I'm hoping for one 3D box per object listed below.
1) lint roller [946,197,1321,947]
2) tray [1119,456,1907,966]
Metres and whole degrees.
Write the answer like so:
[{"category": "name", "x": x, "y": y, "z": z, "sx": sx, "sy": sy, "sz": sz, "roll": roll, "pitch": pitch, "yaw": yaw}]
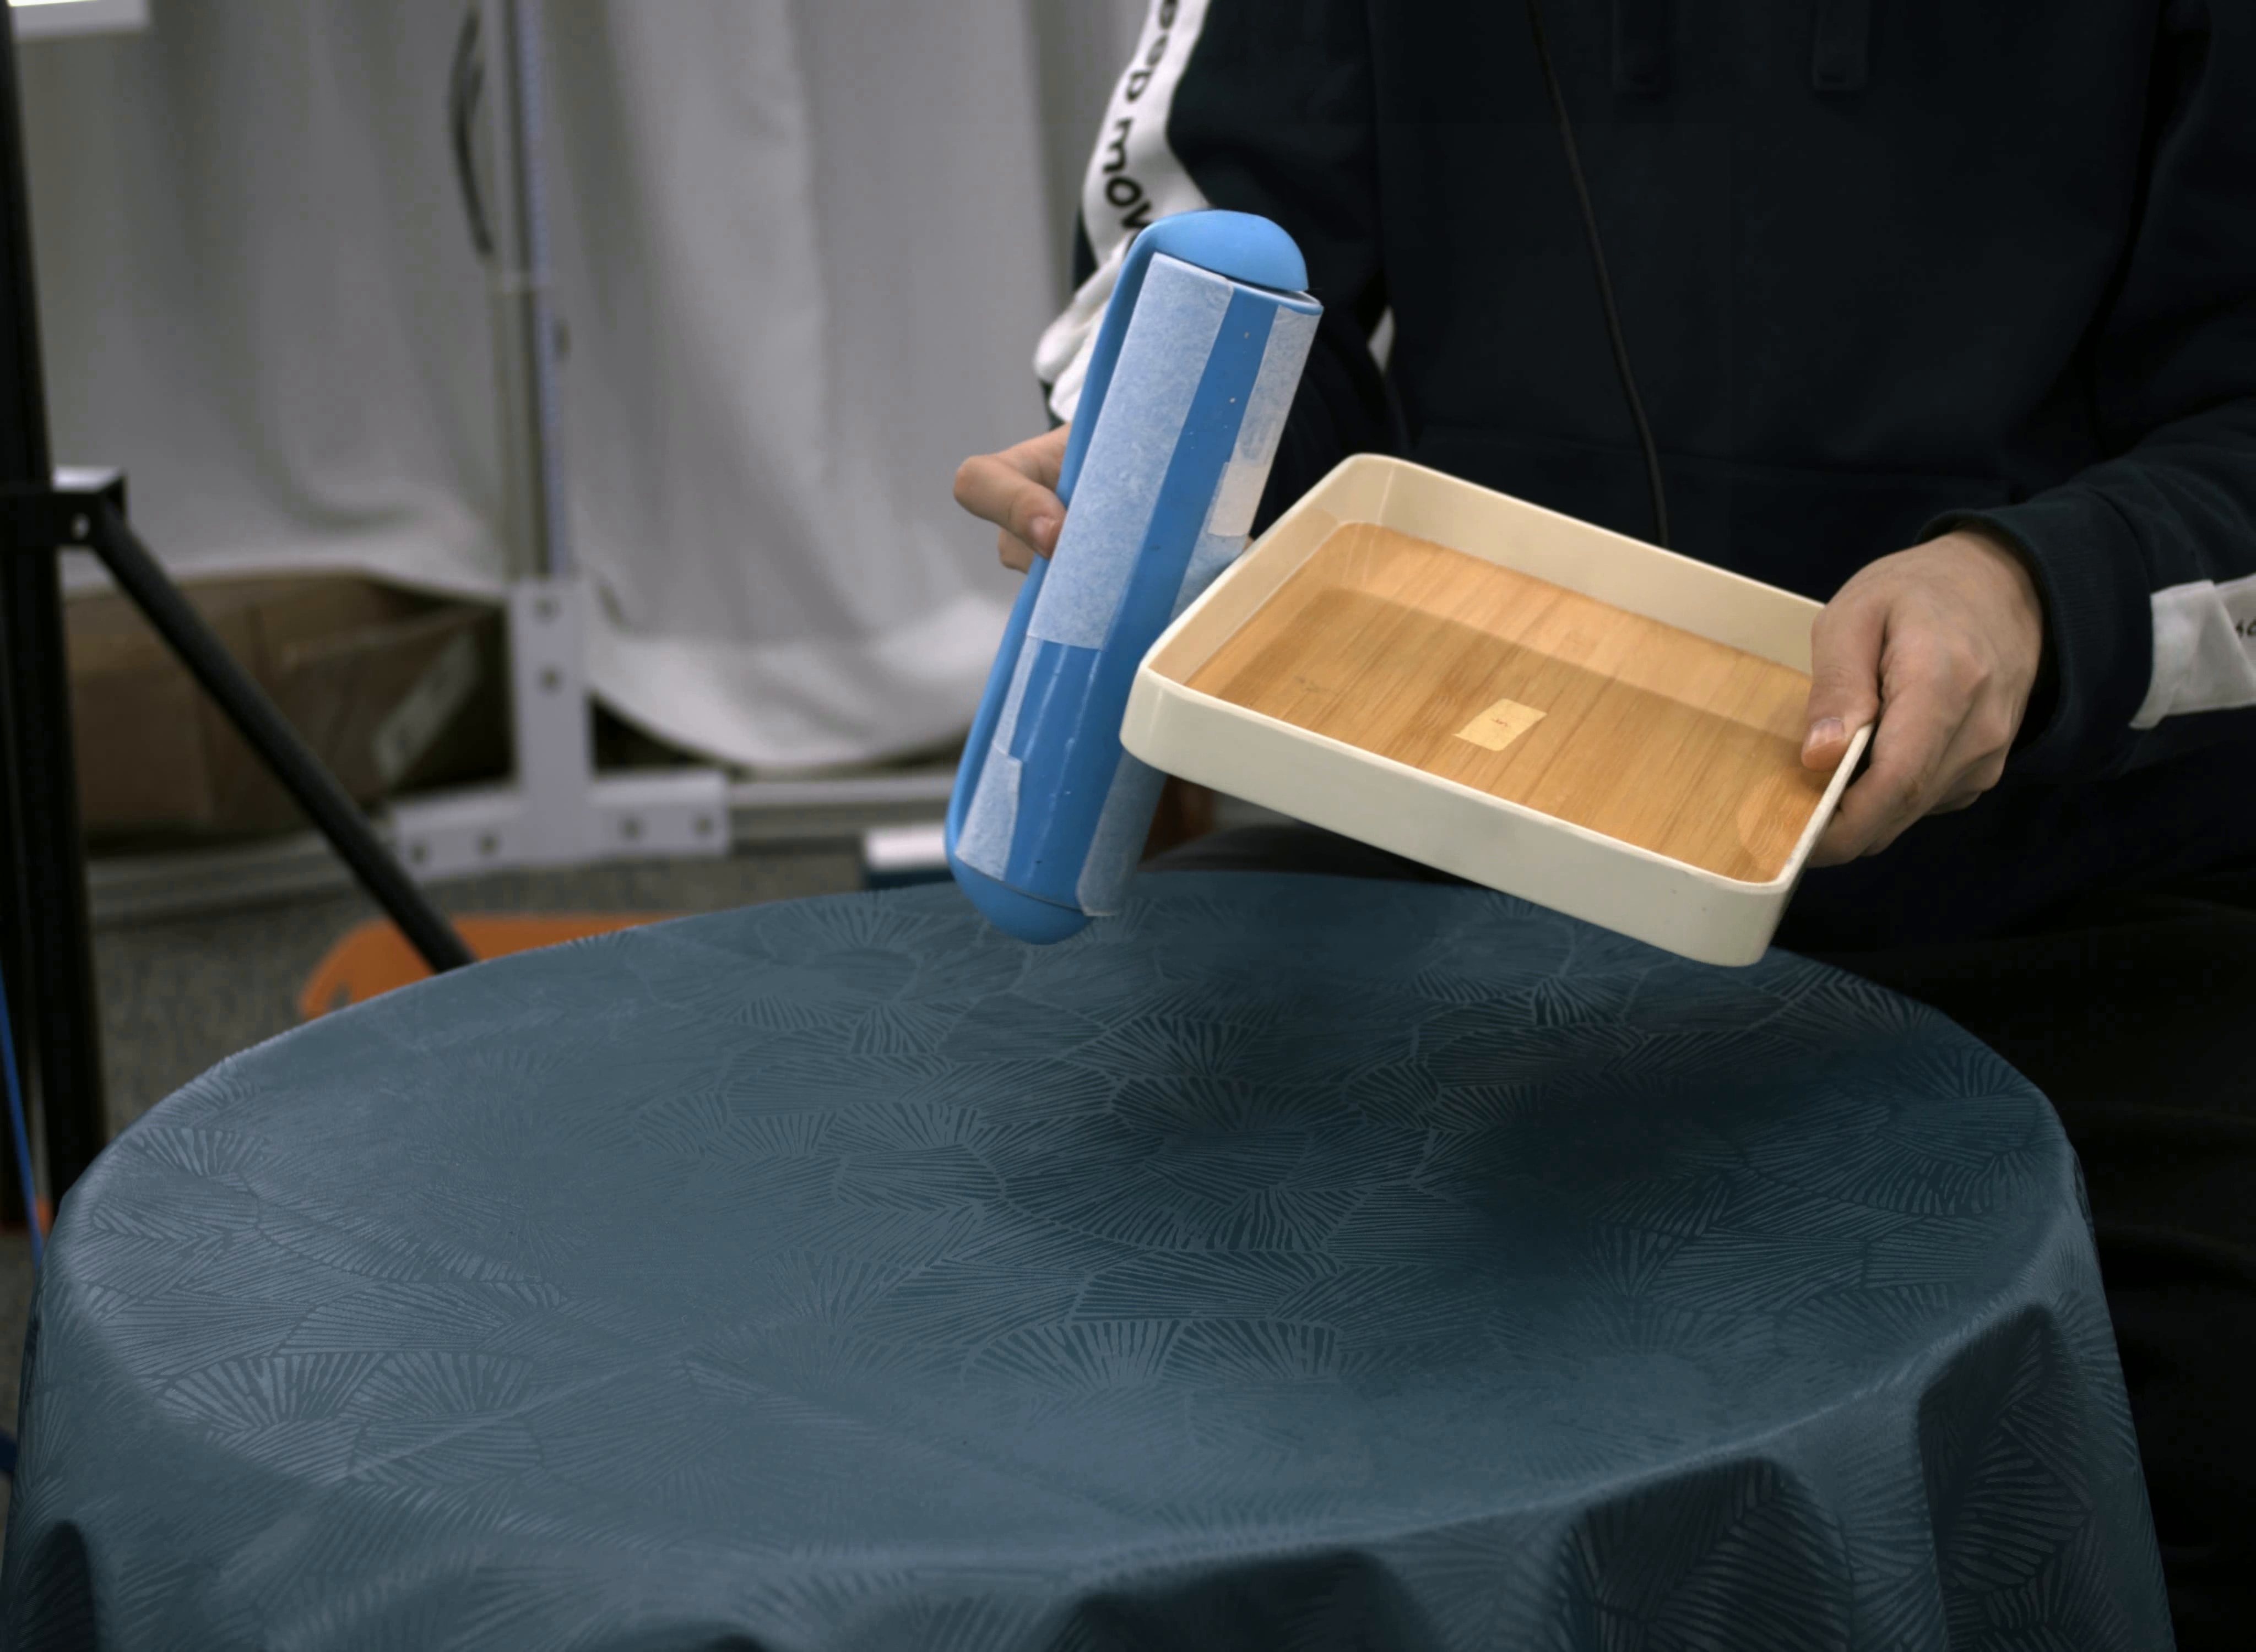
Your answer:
[{"category": "lint roller", "x": 0.004, "y": -0.080, "z": 1.636, "sx": 0.067, "sy": 0.230, "sz": 0.180, "roll": 17, "pitch": 7, "yaw": 0}, {"category": "tray", "x": 0.121, "y": -0.039, "z": 1.569, "sx": 0.193, "sy": 0.027, "sz": 0.297, "roll": 20, "pitch": 20, "yaw": 11}]

HOW TO COMPLETE THIS TASK :: Return exactly the line containing "1) lint roller [946,197,1321,947]" and every line after it, up to and including the final line of the entries above. Pictures stay out.

ANSWER SECTION ::
1) lint roller [946,197,1321,947]
2) tray [1119,456,1907,966]
Metres and whole degrees.
Write the answer like so:
[{"category": "name", "x": x, "y": y, "z": z, "sx": sx, "sy": sy, "sz": sz, "roll": roll, "pitch": pitch, "yaw": yaw}]
Your answer:
[{"category": "lint roller", "x": 0.004, "y": -0.080, "z": 1.636, "sx": 0.067, "sy": 0.230, "sz": 0.180, "roll": 17, "pitch": 7, "yaw": 0}, {"category": "tray", "x": 0.121, "y": -0.039, "z": 1.569, "sx": 0.193, "sy": 0.027, "sz": 0.297, "roll": 20, "pitch": 20, "yaw": 11}]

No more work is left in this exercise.